Dataset entries

+-------+

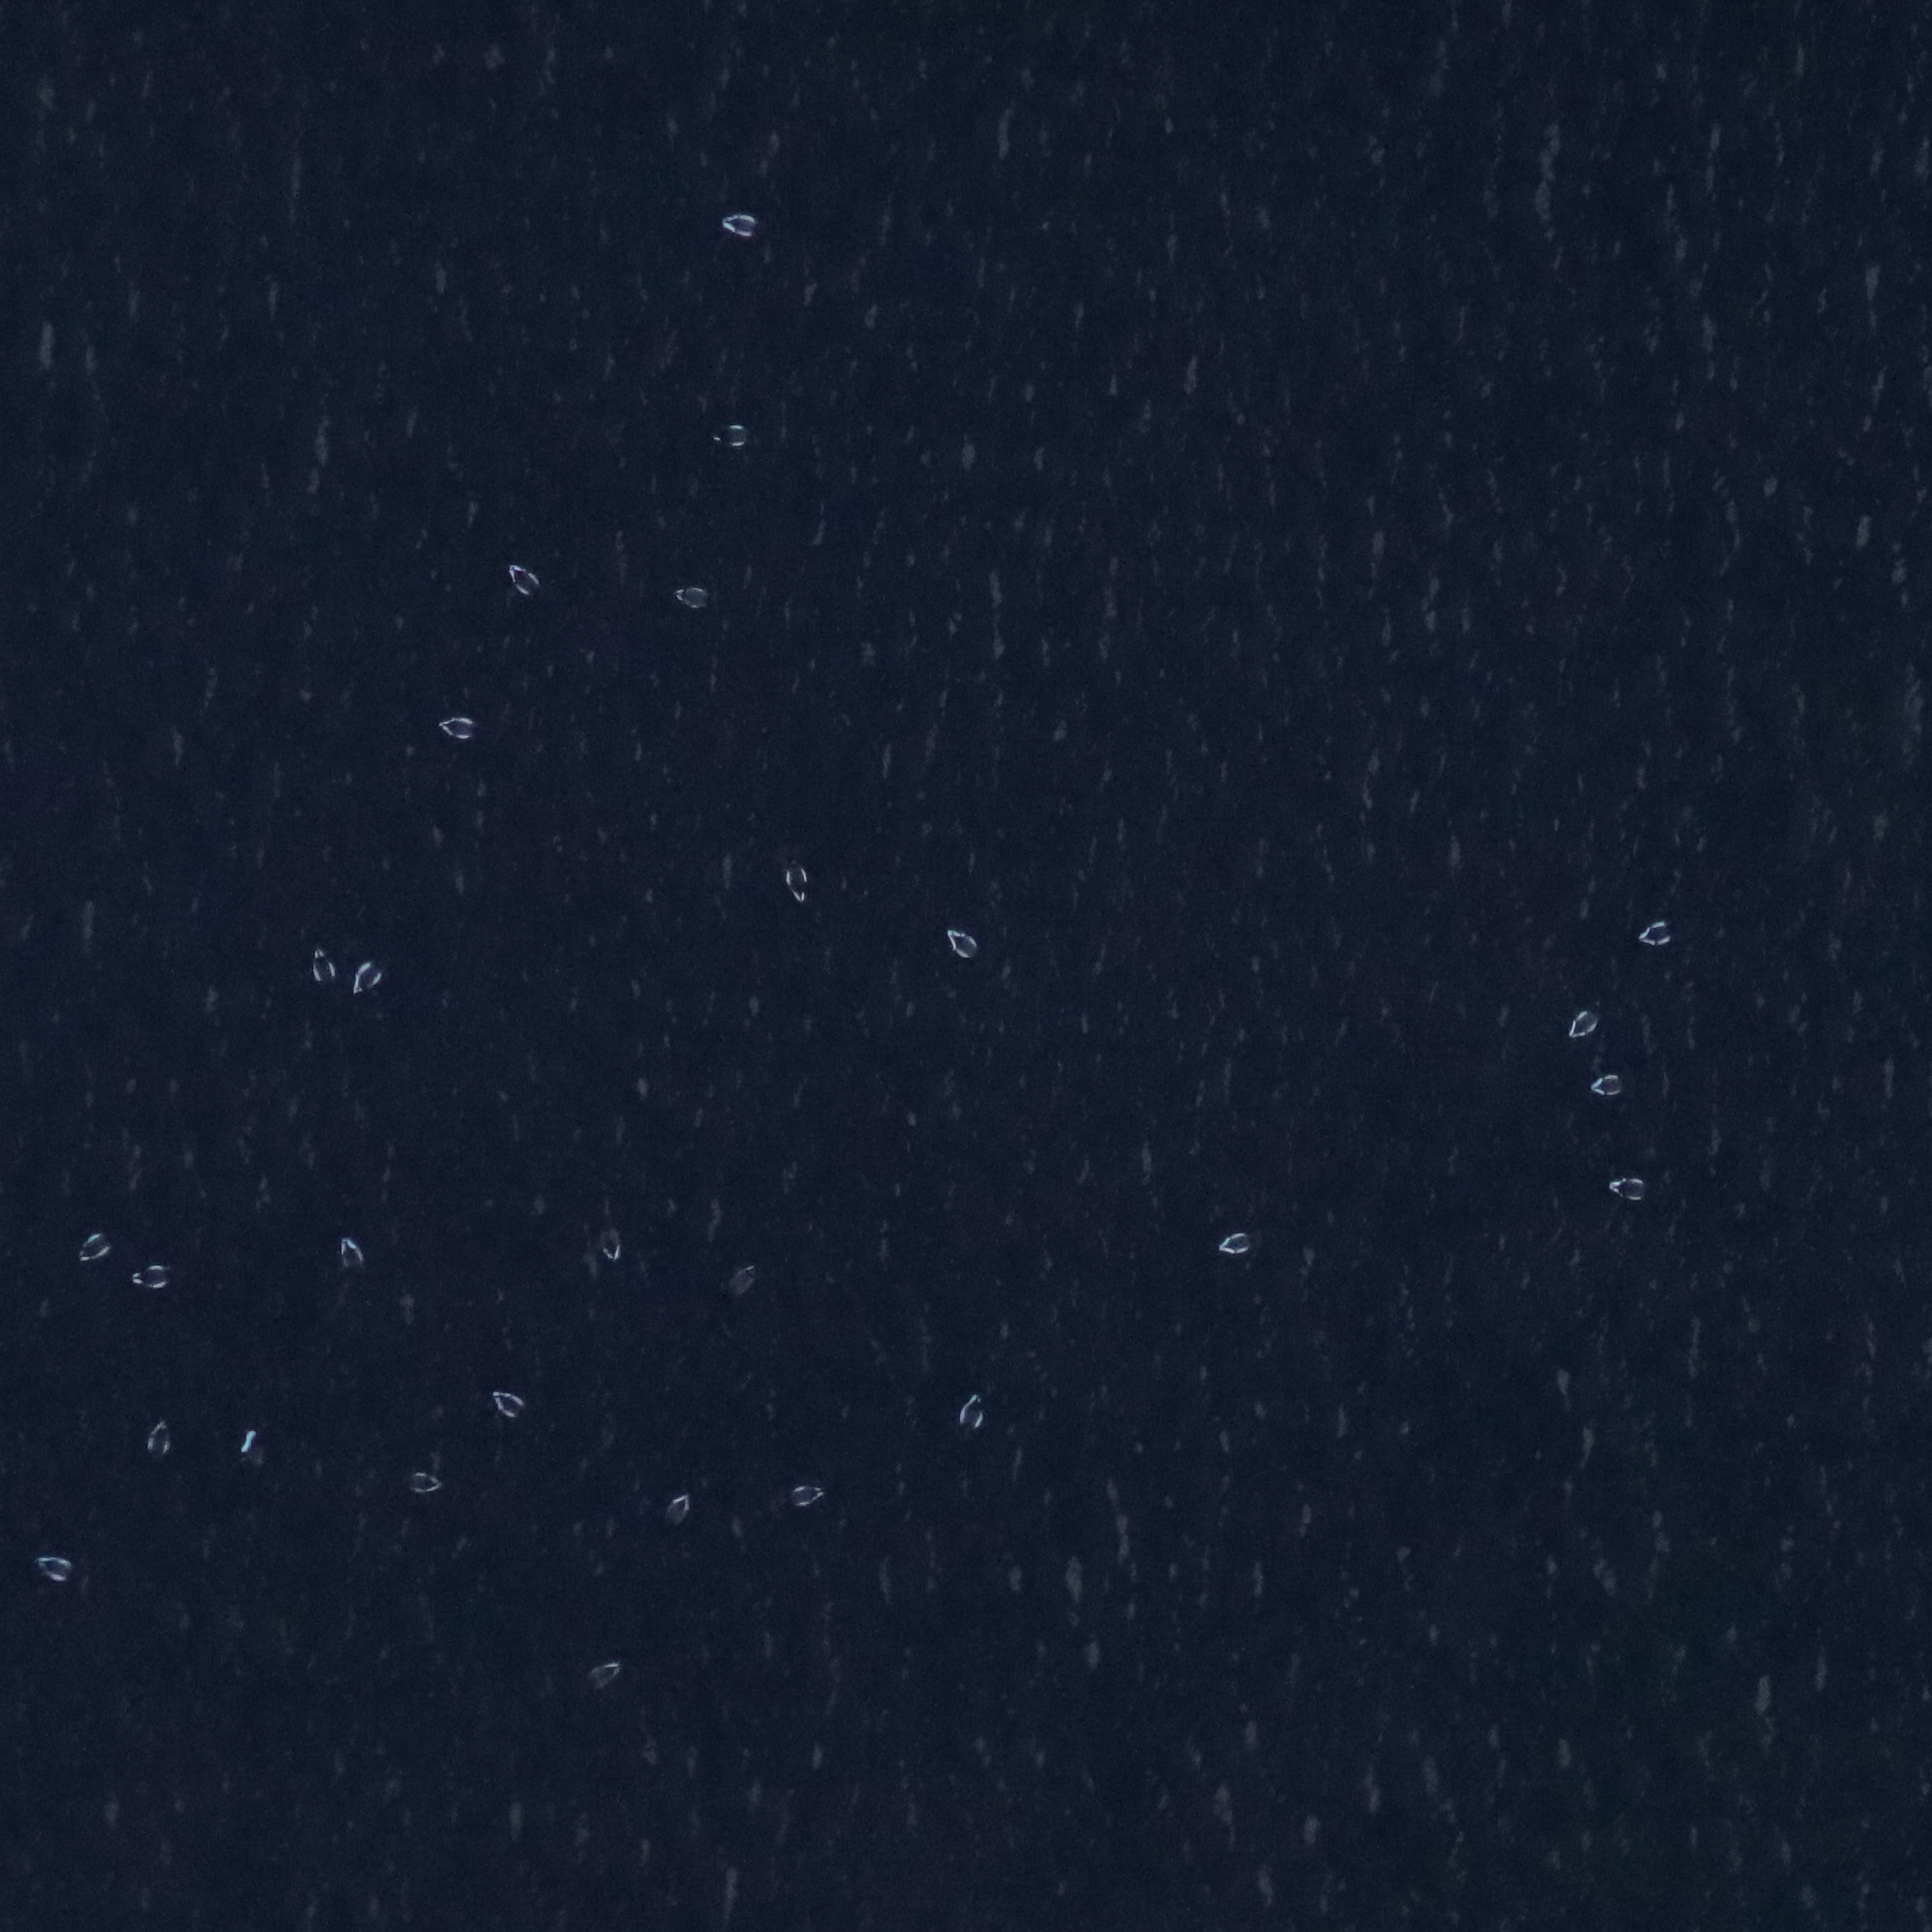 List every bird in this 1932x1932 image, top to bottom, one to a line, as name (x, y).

brant (744, 225)
brant (732, 433)
brant (525, 582)
brant (694, 595)
brant (459, 727)
brant (795, 879)
brant (1658, 932)
brant (964, 945)
brant (323, 968)
brant (367, 976)
brant (1587, 1021)
brant (1610, 1084)
brant (1632, 1189)
brant (609, 1240)
brant (1240, 1243)
brant (94, 1246)
brant (352, 1259)
brant (153, 1276)
brant (743, 1280)
brant (511, 1405)
brant (969, 1414)
brant (159, 1439)
brant (254, 1448)
brant (423, 1481)
brant (805, 1496)
brant (677, 1510)
brant (57, 1570)
brant (602, 1675)
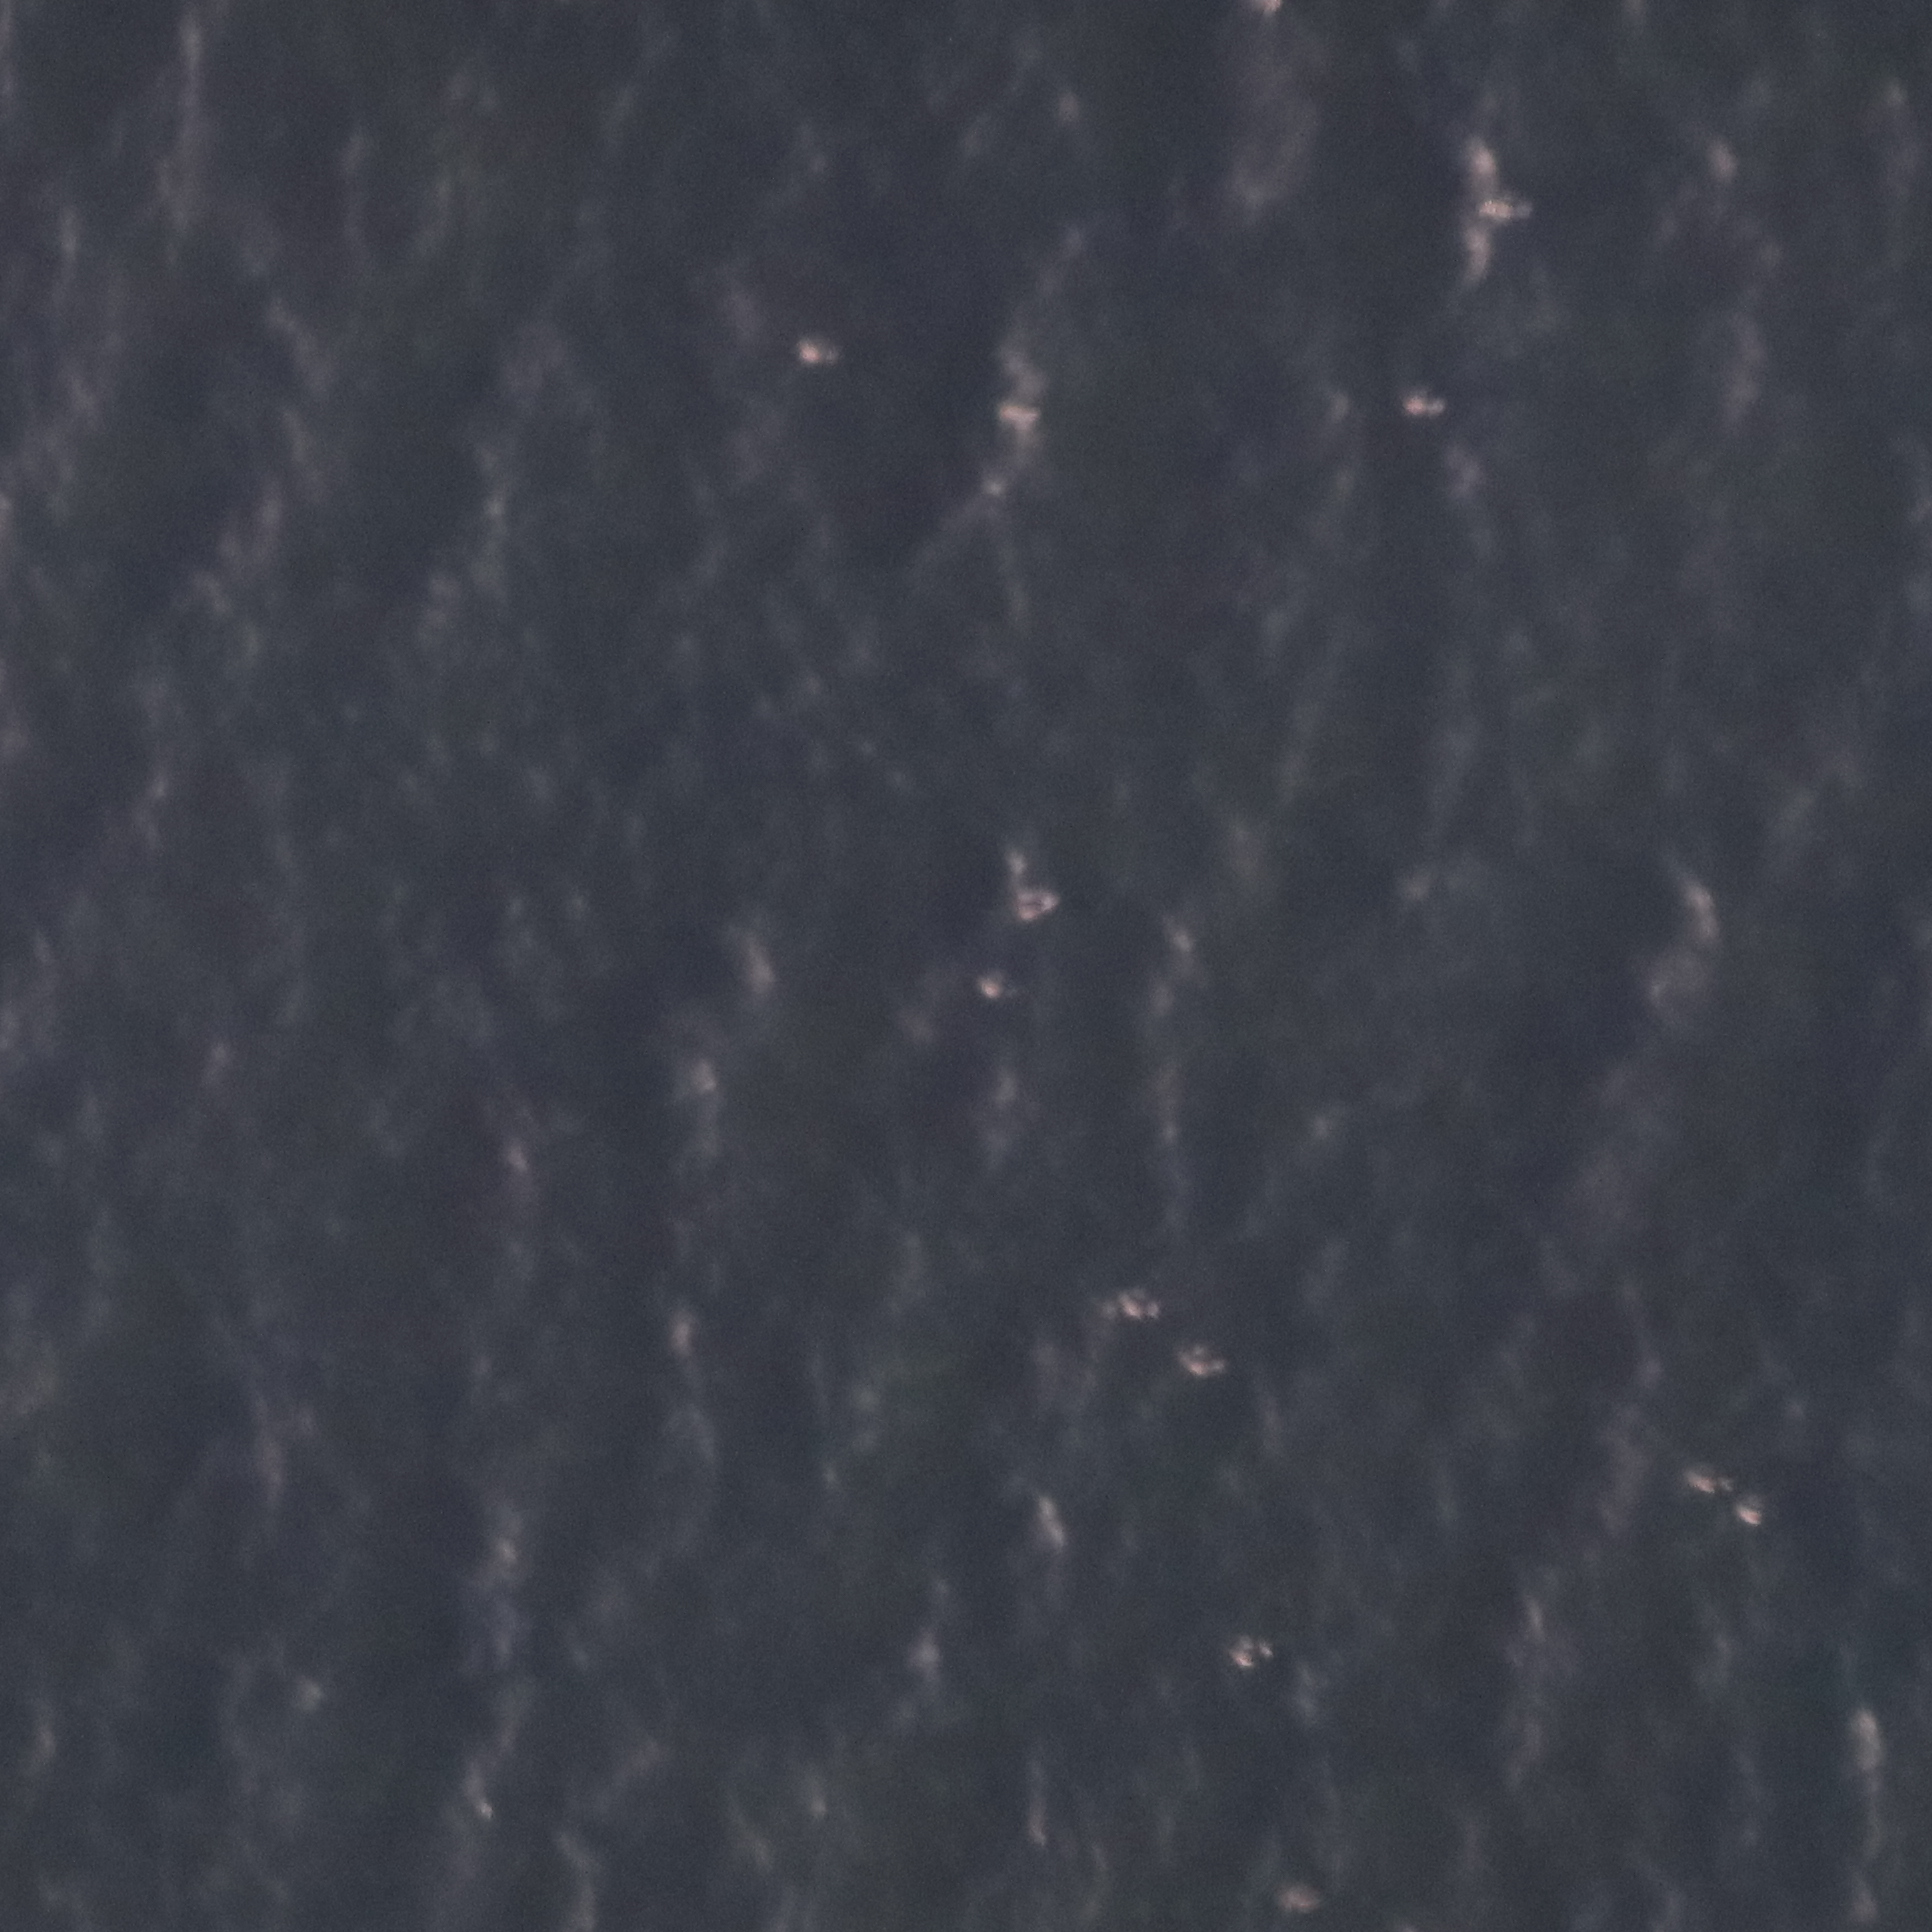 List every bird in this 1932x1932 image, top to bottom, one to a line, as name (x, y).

brant (1501, 204)
brant (818, 350)
brant (1422, 402)
brant (1023, 409)
brant (1032, 904)
brant (1002, 985)
brant (1142, 1301)
brant (1200, 1357)
brant (1701, 1473)
brant (1252, 1652)
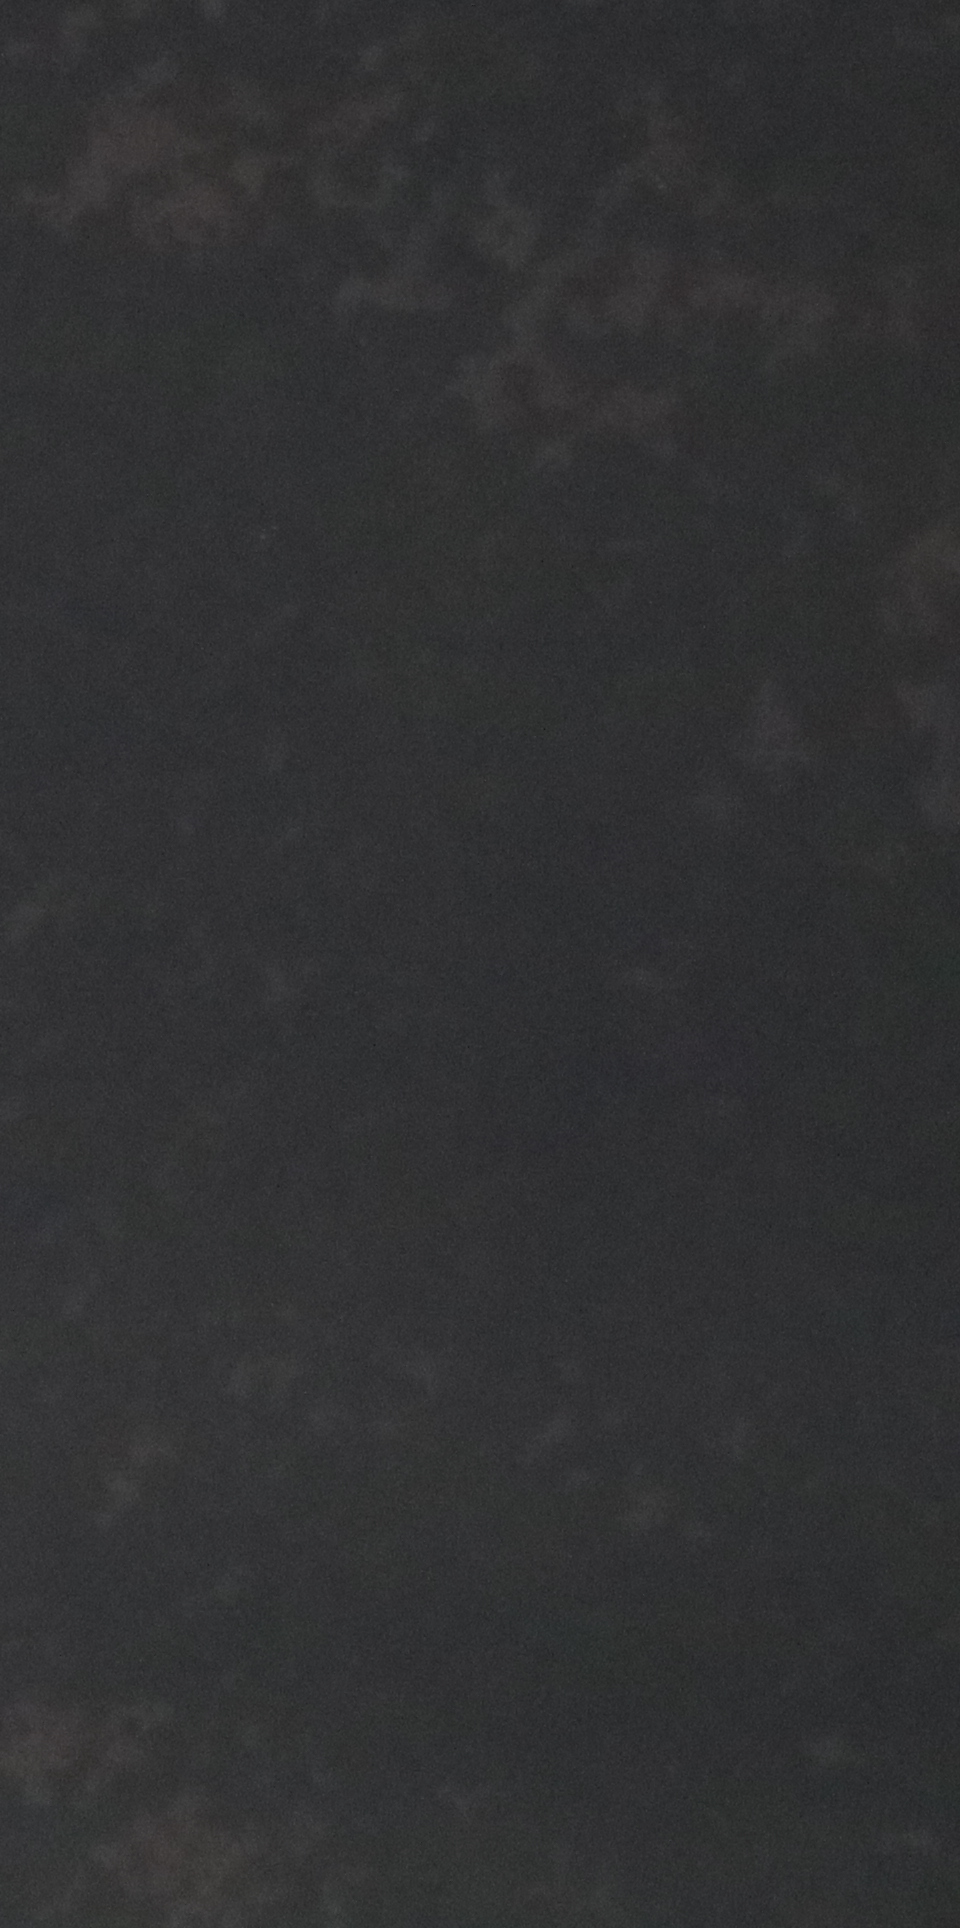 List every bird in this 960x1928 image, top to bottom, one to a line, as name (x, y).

None

+-------+

About this exercise
Your reply should be the entries copied exactly, with all images omitted.

Response to this task
 List every bird in this 1932x1932 image, top to bottom, one to a line, as name (x, y).

brant (744, 225)
brant (732, 433)
brant (525, 582)
brant (694, 595)
brant (459, 727)
brant (795, 879)
brant (1658, 932)
brant (964, 945)
brant (323, 968)
brant (367, 976)
brant (1587, 1021)
brant (1610, 1084)
brant (1632, 1189)
brant (609, 1240)
brant (1240, 1243)
brant (94, 1246)
brant (352, 1259)
brant (153, 1276)
brant (743, 1280)
brant (511, 1405)
brant (969, 1414)
brant (159, 1439)
brant (254, 1448)
brant (423, 1481)
brant (805, 1496)
brant (677, 1510)
brant (57, 1570)
brant (602, 1675)
 List every bird in this 1932x1932 image, top to bottom, one to a line, as name (x, y).

brant (1501, 204)
brant (818, 350)
brant (1422, 402)
brant (1023, 409)
brant (1032, 904)
brant (1002, 985)
brant (1142, 1301)
brant (1200, 1357)
brant (1701, 1473)
brant (1252, 1652)
 List every bird in this 960x1928 image, top to bottom, one to a line, as name (x, y).

None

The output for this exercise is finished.